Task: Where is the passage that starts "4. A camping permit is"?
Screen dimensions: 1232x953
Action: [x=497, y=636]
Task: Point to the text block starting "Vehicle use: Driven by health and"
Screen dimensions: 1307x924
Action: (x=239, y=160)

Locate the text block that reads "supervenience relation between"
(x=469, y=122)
--
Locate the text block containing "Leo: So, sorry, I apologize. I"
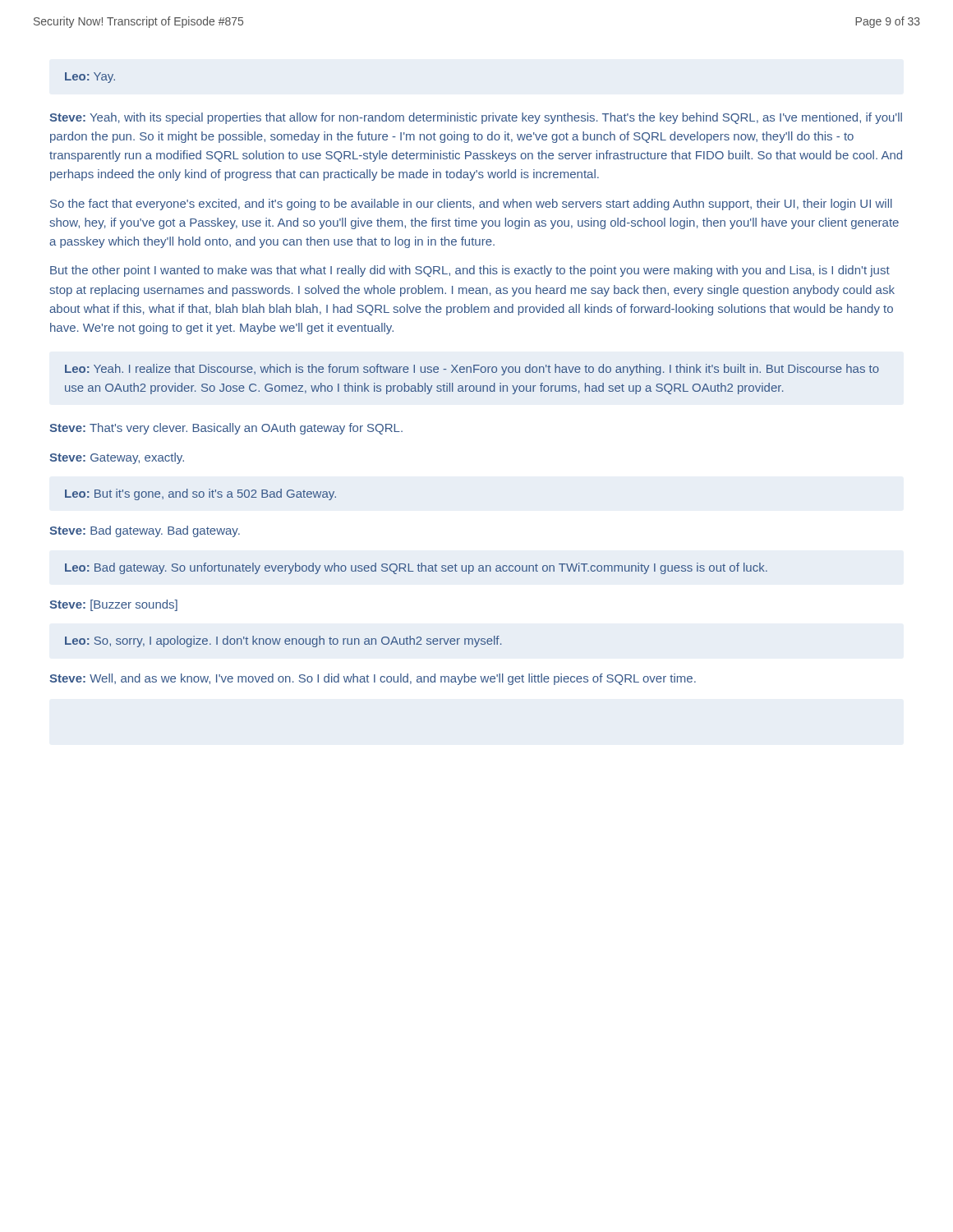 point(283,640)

• _Requirement_:
Copy out each line of the records where the string "Task" appears.

• _Solution for this problem_:
Task: Where is the passage that starts "4. A camping permit is"?
Task: Point to the text block starting "Vehicle use: Driven by health and"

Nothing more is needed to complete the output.